BBB
When I moved from California to Albuquerque, New Mexico, I was accompanied by 40 boxes of books. I've probably added another 50 since then. My problem is before I finish one book, I buy another and on and on following the current events path. I usually read more than one book at a time. All of this is probably because most of my books are non-fiction that I can put down and then get back to.
Right now I'm trying to finish "Internal Combustion; How Corporations and Governments Addicted the World to Oil and Derailed the Alternatives" by Edwin Black. It's a wonderful history of the development of the automobile.
Book Description
Internal Combustion is the compelling tale of corruption and manipulation that subjected the U.S. and the world to an oil addiction that could have been avoided, that was never necessary, and that could be ended not in ten years, not in five years, but today.
Edwin Black, award-winning author of IBM and the Holocaust, has mined scores of corporate and governmental archives to assemble thousands of previously uncovered and long-forgotten documents and studies into this dramatic story. Black traces a continuum of rapacious energy cartels and special interests dating back nearly 5,000 years, from wood to coal to oil, and then to the bicycle and electric battery cartels of the 1890s, which created thousands of electric vehicles that plied American streets a century ago. But those noiseless and clean cars were scuttled by petroleum interests, despite the little-known efforts of Thomas Edison and Henry Ford to mass-produce electric cars powered by personal backyard energy stations. Black also documents how General Motors criminally conspired to undermine mass transit in dozens of cities and how Big Oil, Big Corn, and Big Coal have subverted synthetic fuels and other alternatives.
He then brings the story full-circle to the present day oil crises, global warming and beyond.

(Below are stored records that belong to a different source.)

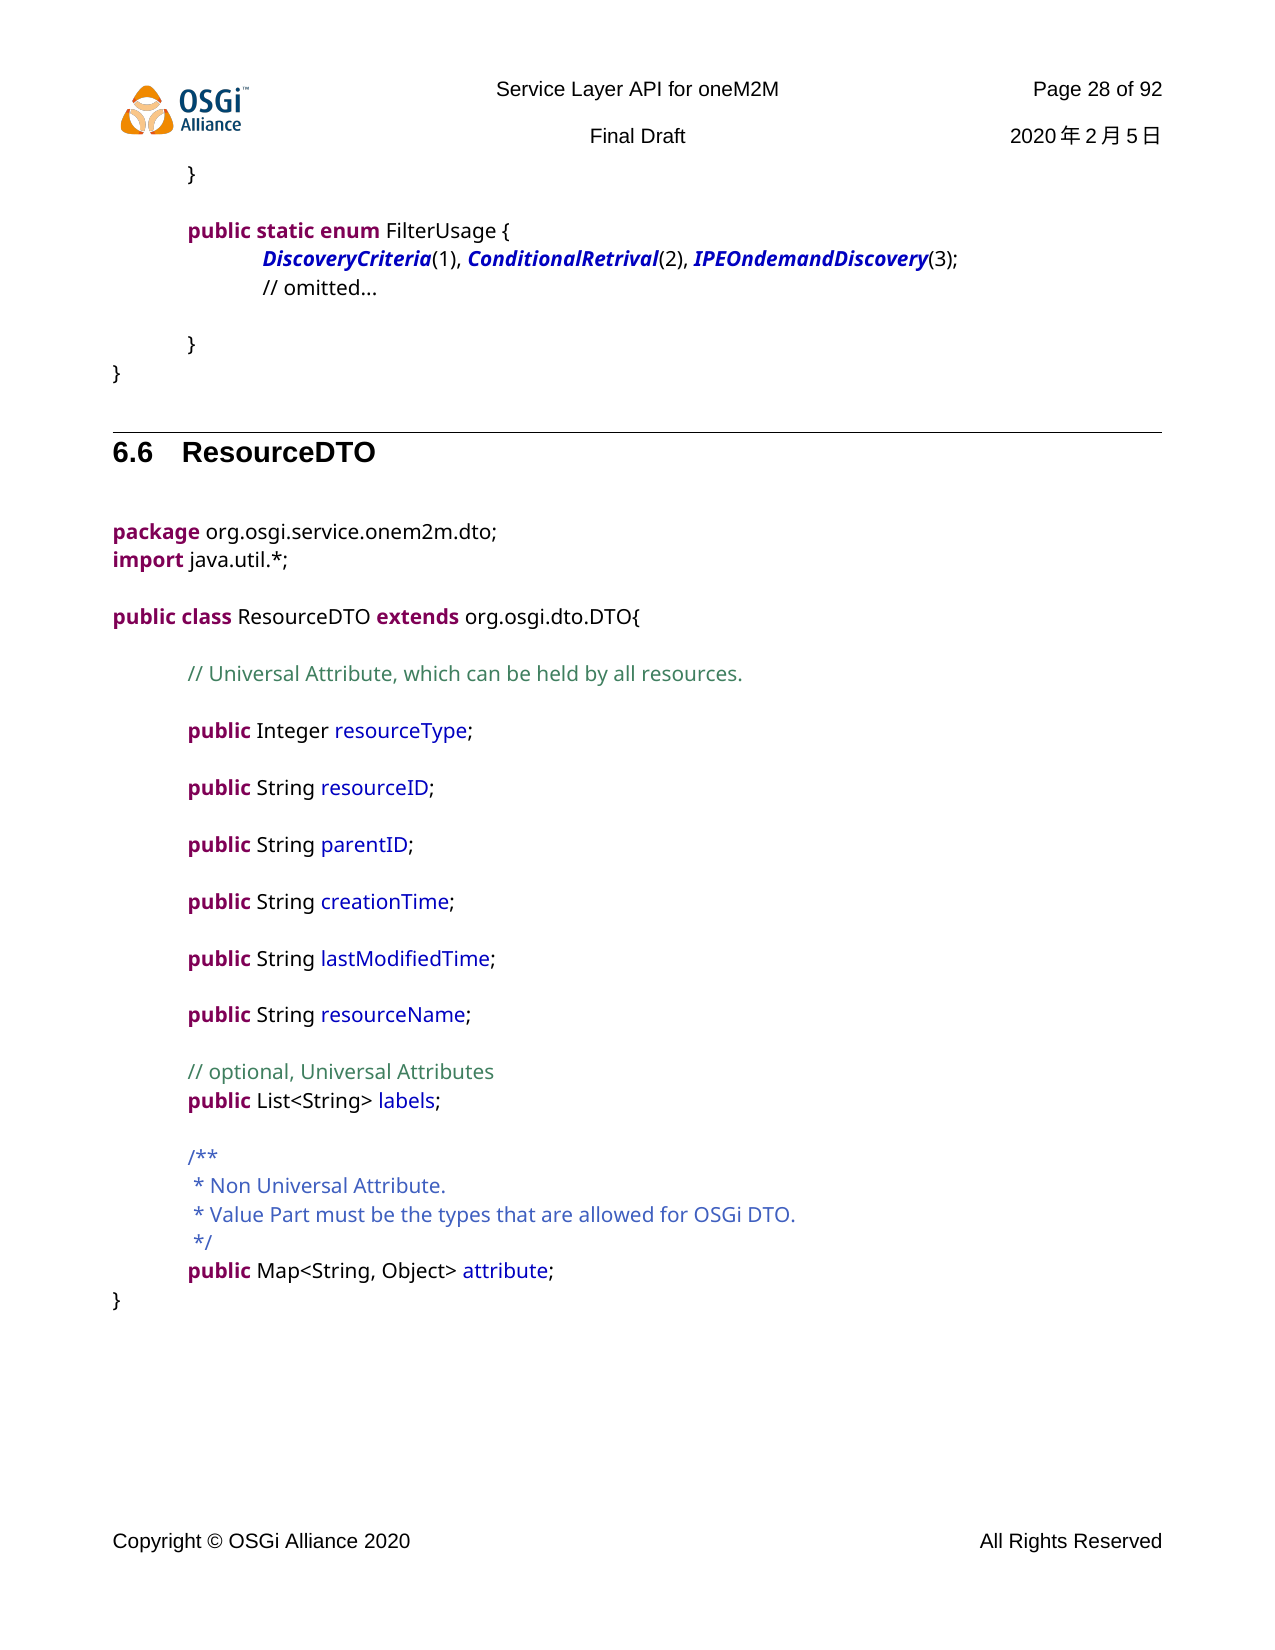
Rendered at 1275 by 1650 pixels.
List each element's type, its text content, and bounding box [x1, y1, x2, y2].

text // Universal Attribute, which can be held by all resources. [112, 659, 1162, 688]
text public String lastModifiedTime; [112, 944, 1162, 972]
text public static enum FilterUsage { [112, 216, 1162, 244]
text import java.util.*; [112, 546, 1162, 574]
subtitle ResourceDTO [112, 433, 1162, 468]
text * Non Universal Attribute. [112, 1171, 1162, 1200]
text // optional, Universal Attributes [112, 1057, 1162, 1086]
text } [112, 159, 1162, 187]
text } [112, 1285, 1162, 1313]
text package org.osgi.service.onem2m.dto; [112, 517, 1162, 546]
text public String resourceID; [112, 773, 1162, 802]
text public String parentID; [112, 830, 1162, 858]
text DiscoveryCriteria(1), ConditionalRetrival(2), IPEOndemandDiscovery(3); [112, 244, 1162, 273]
text public Map<String, Object> attribute; [112, 1257, 1162, 1285]
text */ [112, 1228, 1162, 1257]
text public List<String> labels; [112, 1086, 1162, 1114]
text /** [112, 1143, 1162, 1171]
text public String creationTime; [112, 887, 1162, 915]
text public String resourceName; [112, 1001, 1162, 1029]
text public Integer resourceType; [112, 716, 1162, 745]
picture [113, 78, 257, 142]
text } [112, 329, 1162, 358]
text } [112, 358, 1162, 386]
text public class ResourceDTO extends org.osgi.dto.DTO{ [112, 602, 1162, 631]
text * Value Part must be the types that are allowed for OSGi DTO. [112, 1200, 1162, 1228]
text // omitted... [112, 273, 1162, 301]
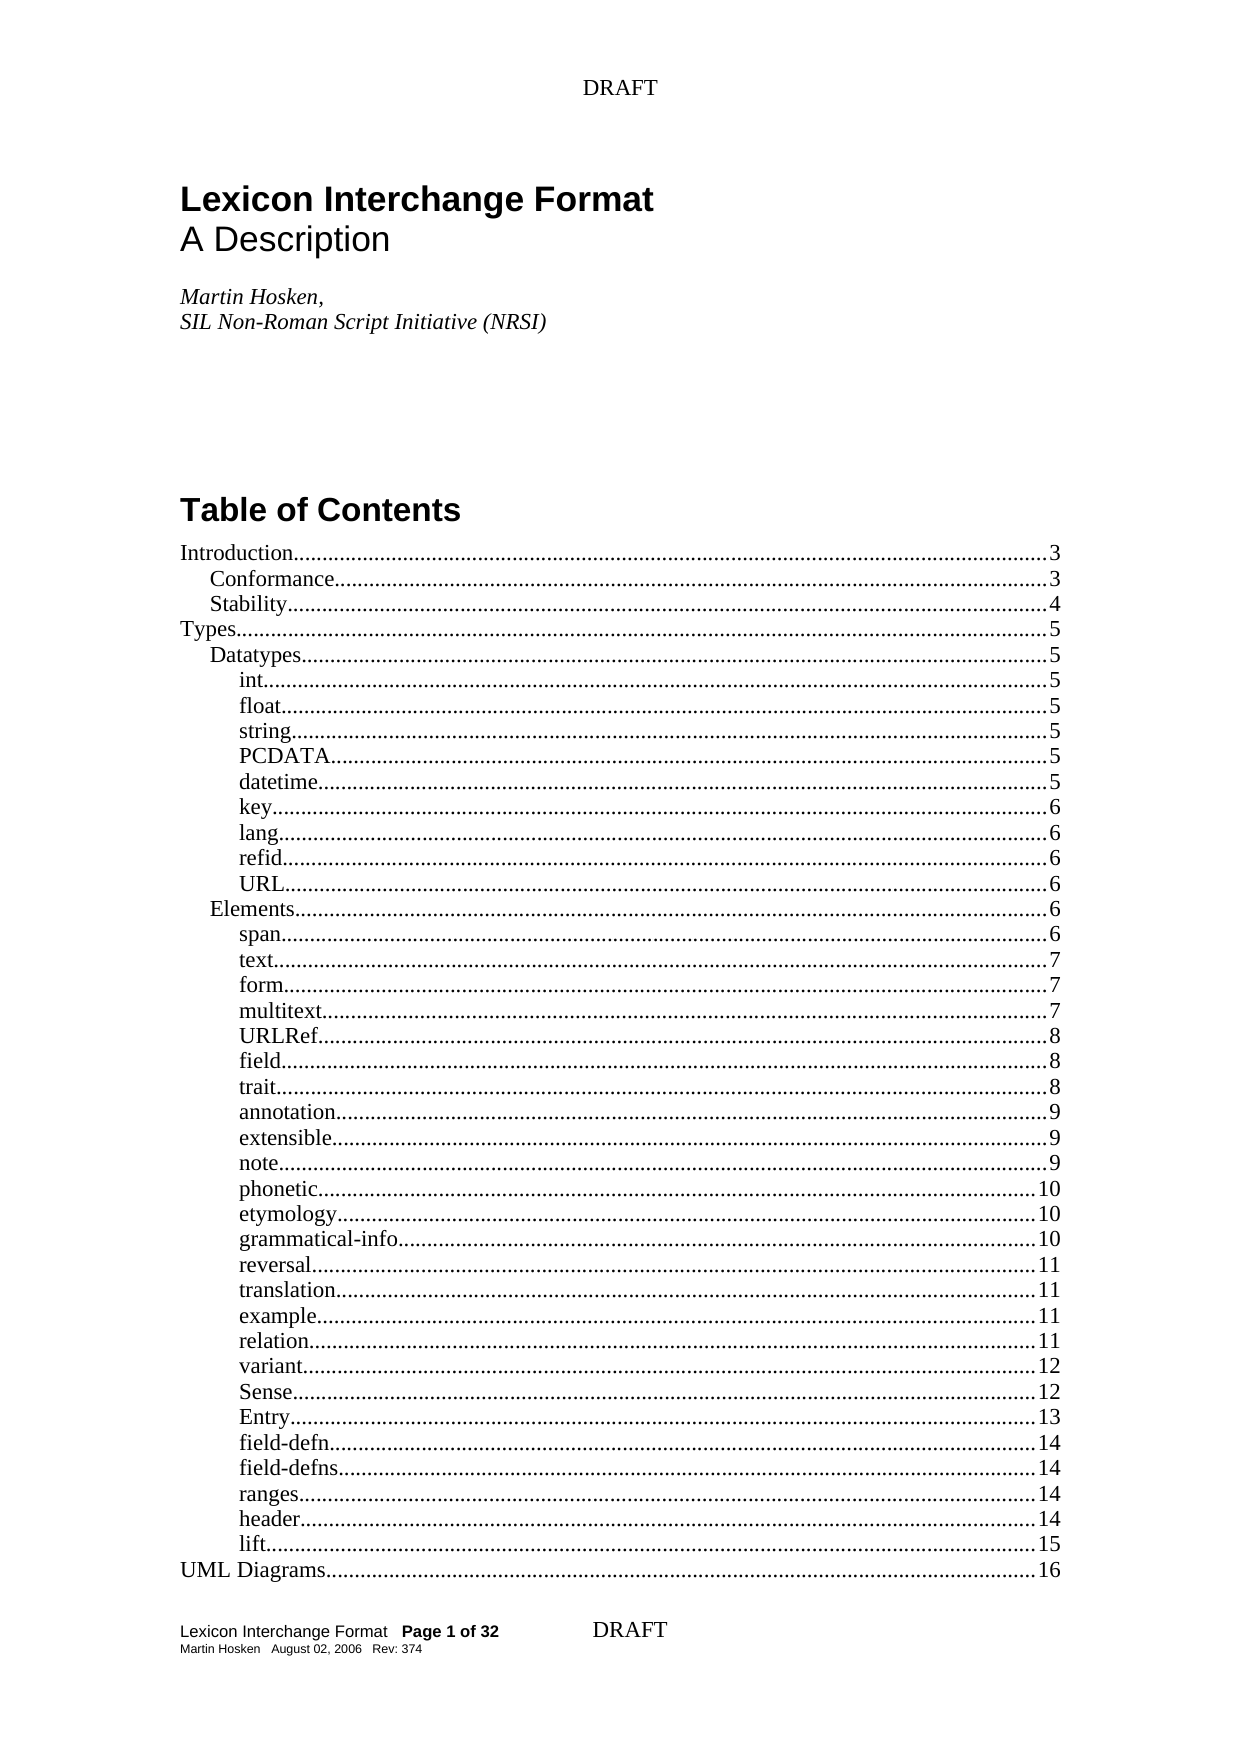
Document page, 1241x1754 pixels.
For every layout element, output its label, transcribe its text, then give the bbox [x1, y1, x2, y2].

text relation 11 [239, 1328, 1061, 1353]
text Introduction 3 [180, 540, 1061, 566]
text phonetic 10 [239, 1176, 1061, 1201]
text translation 11 [239, 1277, 1061, 1303]
text annotation 9 [239, 1099, 1061, 1125]
text refid 6 [239, 845, 1061, 871]
text field-defn 14 [239, 1430, 1061, 1455]
text span 6 [239, 921, 1061, 947]
text Elements 6 [209, 896, 1061, 921]
text grammatical-info 10 [239, 1226, 1061, 1252]
text URLRef 8 [239, 1023, 1061, 1048]
text PCDATA 5 [239, 743, 1061, 769]
text Conformance 3 [209, 566, 1061, 591]
text text 7 [239, 947, 1061, 972]
text field-defns 14 [239, 1455, 1061, 1481]
text form 7 [239, 972, 1061, 998]
text Stability 4 [209, 591, 1061, 616]
text int 5 [239, 667, 1061, 693]
text note 9 [239, 1150, 1061, 1176]
text Entry 13 [239, 1404, 1061, 1430]
text multitext 7 [239, 998, 1061, 1023]
text string 5 [239, 718, 1061, 743]
text Sense 12 [239, 1379, 1061, 1404]
text float 5 [239, 693, 1061, 718]
text URL 6 [239, 871, 1061, 896]
text reversal 11 [239, 1252, 1061, 1277]
text etymology 10 [239, 1201, 1061, 1226]
text key 6 [239, 794, 1061, 820]
title Lexicon Interchange Format [180, 179, 1061, 219]
text lift 15 [239, 1531, 1061, 1557]
text variant 12 [239, 1353, 1061, 1379]
text lang 6 [239, 820, 1061, 845]
text example 11 [239, 1303, 1061, 1328]
text Datatypes 5 [209, 642, 1061, 667]
subtitle A Description [180, 219, 1061, 259]
text UML Diagrams 16 [180, 1557, 1061, 1582]
text ranges 14 [239, 1481, 1061, 1506]
text trait 8 [239, 1074, 1061, 1099]
text header 14 [239, 1506, 1061, 1531]
text field 8 [239, 1048, 1061, 1074]
text extensible 9 [239, 1125, 1061, 1150]
text datetime 5 [239, 769, 1061, 794]
text Types 5 [180, 616, 1061, 642]
text Martin Hosken, SIL Non-Roman Script Initiative (NRSI) [180, 284, 1061, 334]
subtitle Table of Contents [180, 491, 1061, 528]
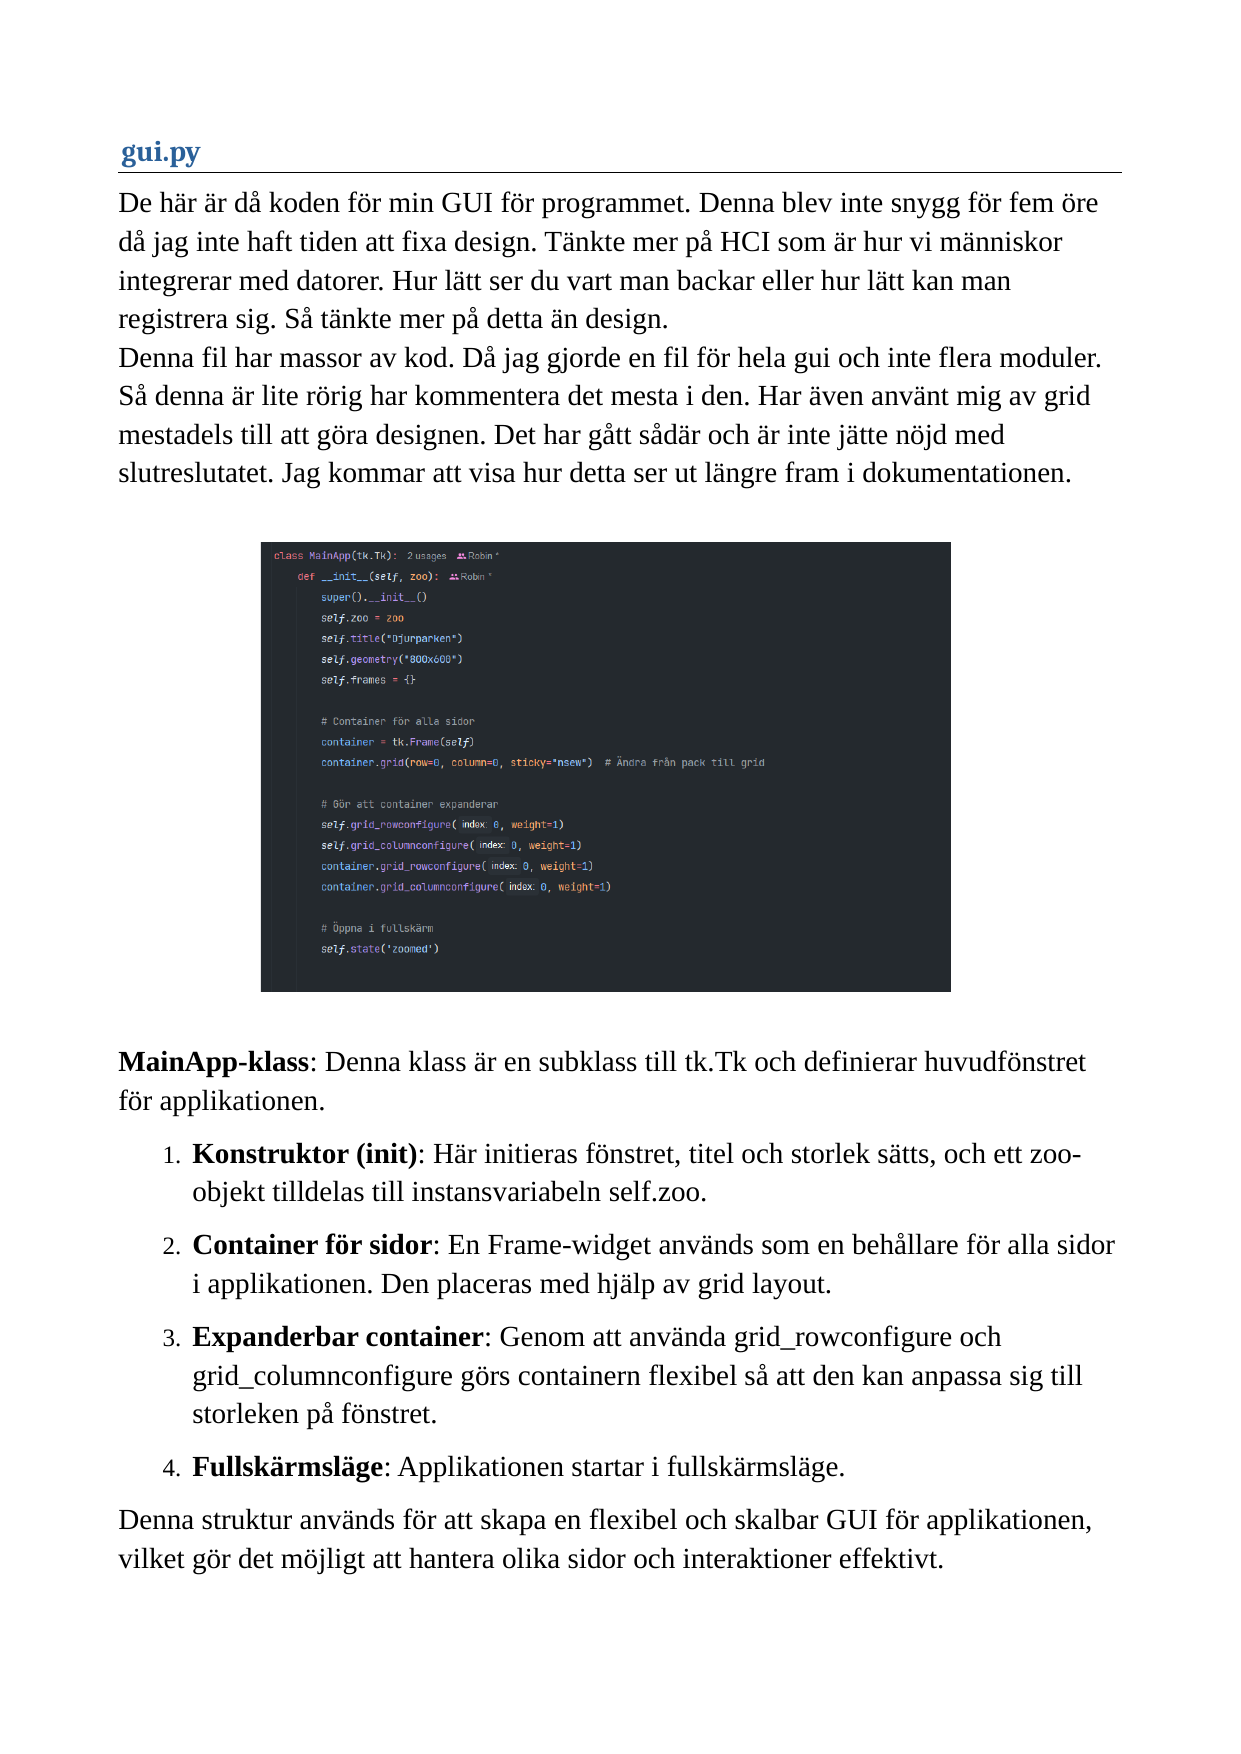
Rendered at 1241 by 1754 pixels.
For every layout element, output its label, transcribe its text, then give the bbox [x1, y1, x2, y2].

text Denna struktur används för att skapa en flexibel och skalbar GUI för applikationen, vilket gör det möjligt att hantera olika sidor och interaktioner effektivt. [118, 1502, 1122, 1574]
text De här är då koden för min GUI för programmet. Denna blev inte snygg för fem öre då jag inte haft tiden att fixa design. Tänkte mer på HCI som är hur vi människor integrerar med datorer. Hur lätt ser du vart man backar eller hur lätt kan man registrera sig. Så tänkte mer på detta än design. Denna fil har massor av kod. Då jag gjorde en fil för hela gui och inte flera moduler. Så denna är lite rörig har kommentera det mesta i den. Har även använt mig av grid mestadels till att göra designen. Det har gått sådär och är inte jätte nöjd med slutreslutatet. Jag kommar att visa hur detta ser ut längre fram i dokumentationen. [118, 186, 1122, 599]
text MainApp-klass: Denna klass är en subklass till tk.Tk och definierar huvudfönstret för applikationen. [118, 1044, 1122, 1116]
subtitle gui.py [118, 133, 1122, 172]
list Konstruktor (init): Här initieras fönstret, titel och storlek sätts, och ett zoo-objekt tilldelas till instansvariabeln self.zoo. [162, 1136, 1122, 1208]
list Container för sidor: En Frame-widget används som en behållare för alla sidor i applikationen. Den placeras med hjälp av grid layout. [162, 1227, 1122, 1299]
picture [260, 542, 951, 992]
list Fullskärmsläge: Applikationen startar i fullskärmsläge. [162, 1449, 1122, 1483]
list Expanderbar container: Genom att använda grid_rowconfigure och grid_columnconfigure görs containern flexibel så att den kan anpassa sig till storleken på fönstret. [162, 1319, 1122, 1430]

Black showcases overlooked compressed-gas, electric and hydrogen cars on the market today, as well as inexpensive all-function home energy units that could eliminate much oil usage. His eye-opening call for a Manhattan Project for immediate energy independence will help energize society to finally take action.
Internal Combustion, and its interactive website
www.internalcombustionbook.com, will generate a much-needed national debate at a crucial time. It should be read by every citizen who consumes oil -- everyone. Internal Combustion can change everything, not by reinventing the wheel, but by excavating it from where it was buried a century ago.